→ Items from a data source:

^^^^^^^^

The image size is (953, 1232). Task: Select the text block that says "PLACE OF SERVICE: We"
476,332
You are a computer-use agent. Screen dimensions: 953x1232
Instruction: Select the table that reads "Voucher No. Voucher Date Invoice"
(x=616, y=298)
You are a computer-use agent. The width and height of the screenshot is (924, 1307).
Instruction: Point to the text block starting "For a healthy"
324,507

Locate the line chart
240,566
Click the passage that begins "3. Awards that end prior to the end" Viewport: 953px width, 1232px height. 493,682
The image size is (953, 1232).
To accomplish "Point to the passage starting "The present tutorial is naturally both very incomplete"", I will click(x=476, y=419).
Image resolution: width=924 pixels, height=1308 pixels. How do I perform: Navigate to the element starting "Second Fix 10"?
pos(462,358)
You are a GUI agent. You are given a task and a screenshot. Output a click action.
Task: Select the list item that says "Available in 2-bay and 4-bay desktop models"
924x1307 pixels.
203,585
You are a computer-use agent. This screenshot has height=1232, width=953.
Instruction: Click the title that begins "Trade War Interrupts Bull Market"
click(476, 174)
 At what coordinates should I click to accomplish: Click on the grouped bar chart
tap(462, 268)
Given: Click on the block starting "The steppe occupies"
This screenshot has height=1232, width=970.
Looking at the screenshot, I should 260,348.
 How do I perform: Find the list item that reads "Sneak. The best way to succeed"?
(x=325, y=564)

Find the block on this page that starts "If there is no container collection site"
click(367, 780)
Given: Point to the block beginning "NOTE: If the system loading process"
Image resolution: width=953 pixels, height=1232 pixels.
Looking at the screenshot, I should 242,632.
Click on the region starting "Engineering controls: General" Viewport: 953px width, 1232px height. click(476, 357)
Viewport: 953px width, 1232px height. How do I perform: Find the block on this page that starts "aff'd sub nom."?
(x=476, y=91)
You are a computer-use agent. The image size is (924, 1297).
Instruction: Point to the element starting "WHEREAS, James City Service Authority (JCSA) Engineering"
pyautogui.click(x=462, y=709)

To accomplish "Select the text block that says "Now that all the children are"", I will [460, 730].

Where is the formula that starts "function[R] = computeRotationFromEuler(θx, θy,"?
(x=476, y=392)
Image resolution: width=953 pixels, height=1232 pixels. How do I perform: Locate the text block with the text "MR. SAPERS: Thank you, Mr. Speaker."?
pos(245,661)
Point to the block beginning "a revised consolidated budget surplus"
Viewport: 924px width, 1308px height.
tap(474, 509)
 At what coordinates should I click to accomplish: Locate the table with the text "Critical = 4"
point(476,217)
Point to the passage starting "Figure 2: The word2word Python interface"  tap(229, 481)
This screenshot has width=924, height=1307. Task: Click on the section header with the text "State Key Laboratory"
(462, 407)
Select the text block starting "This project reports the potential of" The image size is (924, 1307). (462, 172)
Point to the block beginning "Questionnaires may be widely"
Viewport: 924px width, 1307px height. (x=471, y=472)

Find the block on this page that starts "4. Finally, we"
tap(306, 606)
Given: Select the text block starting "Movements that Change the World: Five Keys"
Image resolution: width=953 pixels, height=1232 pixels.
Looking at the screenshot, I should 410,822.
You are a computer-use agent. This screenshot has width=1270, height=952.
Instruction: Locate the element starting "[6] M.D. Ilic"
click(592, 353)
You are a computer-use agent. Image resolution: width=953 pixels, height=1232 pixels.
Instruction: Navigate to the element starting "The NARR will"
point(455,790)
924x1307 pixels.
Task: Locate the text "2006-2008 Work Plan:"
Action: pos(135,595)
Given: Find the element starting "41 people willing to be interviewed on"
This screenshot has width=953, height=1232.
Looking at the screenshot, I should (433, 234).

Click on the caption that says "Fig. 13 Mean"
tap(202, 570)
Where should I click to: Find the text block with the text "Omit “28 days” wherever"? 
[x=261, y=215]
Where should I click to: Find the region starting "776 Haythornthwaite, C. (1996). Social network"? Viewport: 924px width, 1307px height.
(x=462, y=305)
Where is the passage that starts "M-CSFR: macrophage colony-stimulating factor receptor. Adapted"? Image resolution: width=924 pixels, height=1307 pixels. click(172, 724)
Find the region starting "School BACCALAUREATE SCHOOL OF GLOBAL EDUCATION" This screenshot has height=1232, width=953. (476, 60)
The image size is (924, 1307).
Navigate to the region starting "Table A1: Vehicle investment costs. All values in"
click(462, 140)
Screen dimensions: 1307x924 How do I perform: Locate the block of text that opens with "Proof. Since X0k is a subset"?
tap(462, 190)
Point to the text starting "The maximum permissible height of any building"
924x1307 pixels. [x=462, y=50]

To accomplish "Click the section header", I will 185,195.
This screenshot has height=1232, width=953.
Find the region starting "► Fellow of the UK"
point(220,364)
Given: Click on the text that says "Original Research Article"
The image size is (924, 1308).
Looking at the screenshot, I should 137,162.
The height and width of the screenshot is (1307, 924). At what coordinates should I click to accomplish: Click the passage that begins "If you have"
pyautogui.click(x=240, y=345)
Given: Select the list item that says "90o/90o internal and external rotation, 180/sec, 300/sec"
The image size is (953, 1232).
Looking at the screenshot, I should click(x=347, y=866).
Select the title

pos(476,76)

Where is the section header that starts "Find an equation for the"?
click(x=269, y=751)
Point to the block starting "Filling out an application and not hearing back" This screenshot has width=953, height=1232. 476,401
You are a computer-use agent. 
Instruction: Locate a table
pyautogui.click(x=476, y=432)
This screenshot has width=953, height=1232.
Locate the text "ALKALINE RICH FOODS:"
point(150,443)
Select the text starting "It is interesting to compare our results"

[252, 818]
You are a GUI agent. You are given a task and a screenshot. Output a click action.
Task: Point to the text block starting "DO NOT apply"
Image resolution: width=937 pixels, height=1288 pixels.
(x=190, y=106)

^^^^^^^^

→ Instructions to follow: None of the records may be left out; each is to be restated exactly.

→ Result of the exercise:
The image size is (953, 1232). Task: Select the text block that says "PLACE OF SERVICE: We"
476,332
You are a computer-use agent. Screen dimensions: 953x1232
Instruction: Select the table that reads "Voucher No. Voucher Date Invoice"
(x=616, y=298)
You are a computer-use agent. The width and height of the screenshot is (924, 1307).
Instruction: Point to the text block starting "For a healthy"
324,507

Locate the line chart
240,566
Click the passage that begins "3. Awards that end prior to the end" Viewport: 953px width, 1232px height. 493,682
The image size is (953, 1232).
To accomplish "Point to the passage starting "The present tutorial is naturally both very incomplete"", I will click(x=476, y=419).
Image resolution: width=924 pixels, height=1308 pixels. How do I perform: Navigate to the element starting "Second Fix 10"?
pos(462,358)
You are a GUI agent. You are given a task and a screenshot. Output a click action.
Task: Select the list item that says "Available in 2-bay and 4-bay desktop models"
924x1307 pixels.
203,585
You are a computer-use agent. This screenshot has height=1232, width=953.
Instruction: Click the title that begins "Trade War Interrupts Bull Market"
click(476, 174)
 At what coordinates should I click to accomplish: Click on the grouped bar chart
tap(462, 268)
Given: Click on the block starting "The steppe occupies"
This screenshot has height=1232, width=970.
Looking at the screenshot, I should 260,348.
 How do I perform: Find the list item that reads "Sneak. The best way to succeed"?
(x=325, y=564)

Find the block on this page that starts "If there is no container collection site"
click(367, 780)
Given: Point to the block beginning "NOTE: If the system loading process"
Image resolution: width=953 pixels, height=1232 pixels.
Looking at the screenshot, I should 242,632.
Click on the region starting "Engineering controls: General" Viewport: 953px width, 1232px height. click(476, 357)
Viewport: 953px width, 1232px height. How do I perform: Find the block on this page that starts "aff'd sub nom."?
(x=476, y=91)
You are a computer-use agent. The image size is (924, 1297).
Instruction: Point to the element starting "WHEREAS, James City Service Authority (JCSA) Engineering"
pyautogui.click(x=462, y=709)

To accomplish "Select the text block that says "Now that all the children are"", I will [460, 730].

Where is the formula that starts "function[R] = computeRotationFromEuler(θx, θy,"?
(x=476, y=392)
Image resolution: width=953 pixels, height=1232 pixels. How do I perform: Locate the text block with the text "MR. SAPERS: Thank you, Mr. Speaker."?
pos(245,661)
Point to the block beginning "a revised consolidated budget surplus"
Viewport: 924px width, 1308px height.
tap(474, 509)
 At what coordinates should I click to accomplish: Locate the table with the text "Critical = 4"
point(476,217)
Point to the passage starting "Figure 2: The word2word Python interface"  tap(229, 481)
This screenshot has width=924, height=1307. Task: Click on the section header with the text "State Key Laboratory"
(462, 407)
Select the text block starting "This project reports the potential of" The image size is (924, 1307). (462, 172)
Point to the block beginning "Questionnaires may be widely"
Viewport: 924px width, 1307px height. (x=471, y=472)

Find the block on this page that starts "4. Finally, we"
tap(306, 606)
Given: Select the text block starting "Movements that Change the World: Five Keys"
Image resolution: width=953 pixels, height=1232 pixels.
Looking at the screenshot, I should 410,822.
You are a computer-use agent. This screenshot has width=1270, height=952.
Instruction: Locate the element starting "[6] M.D. Ilic"
click(592, 353)
You are a computer-use agent. Image resolution: width=953 pixels, height=1232 pixels.
Instruction: Navigate to the element starting "The NARR will"
point(455,790)
924x1307 pixels.
Task: Locate the text "2006-2008 Work Plan:"
Action: pos(135,595)
Given: Find the element starting "41 people willing to be interviewed on"
This screenshot has width=953, height=1232.
Looking at the screenshot, I should (433, 234).

Click on the caption that says "Fig. 13 Mean"
tap(202, 570)
Where should I click to: Find the text block with the text "Omit “28 days” wherever"? 
[x=261, y=215]
Where should I click to: Find the region starting "776 Haythornthwaite, C. (1996). Social network"? Viewport: 924px width, 1307px height.
(x=462, y=305)
Where is the passage that starts "M-CSFR: macrophage colony-stimulating factor receptor. Adapted"? Image resolution: width=924 pixels, height=1307 pixels. click(172, 724)
Find the region starting "School BACCALAUREATE SCHOOL OF GLOBAL EDUCATION" This screenshot has height=1232, width=953. (476, 60)
The image size is (924, 1307).
Navigate to the region starting "Table A1: Vehicle investment costs. All values in"
click(462, 140)
Screen dimensions: 1307x924 How do I perform: Locate the block of text that opens with "Proof. Since X0k is a subset"?
tap(462, 190)
Point to the text starting "The maximum permissible height of any building"
924x1307 pixels. [x=462, y=50]

To accomplish "Click the section header", I will 185,195.
This screenshot has height=1232, width=953.
Find the region starting "► Fellow of the UK"
point(220,364)
Given: Click on the text that says "Original Research Article"
The image size is (924, 1308).
Looking at the screenshot, I should 137,162.
The height and width of the screenshot is (1307, 924). At what coordinates should I click to accomplish: Click the passage that begins "If you have"
pyautogui.click(x=240, y=345)
Given: Select the list item that says "90o/90o internal and external rotation, 180/sec, 300/sec"
The image size is (953, 1232).
Looking at the screenshot, I should click(x=347, y=866).
Select the title

pos(476,76)

Where is the section header that starts "Find an equation for the"?
click(x=269, y=751)
Point to the block starting "Filling out an application and not hearing back" This screenshot has width=953, height=1232. 476,401
You are a computer-use agent. 
Instruction: Locate a table
pyautogui.click(x=476, y=432)
This screenshot has width=953, height=1232.
Locate the text "ALKALINE RICH FOODS:"
point(150,443)
Select the text starting "It is interesting to compare our results"

[252, 818]
You are a GUI agent. You are given a task and a screenshot. Output a click action.
Task: Point to the text block starting "DO NOT apply"
Image resolution: width=937 pixels, height=1288 pixels.
(x=190, y=106)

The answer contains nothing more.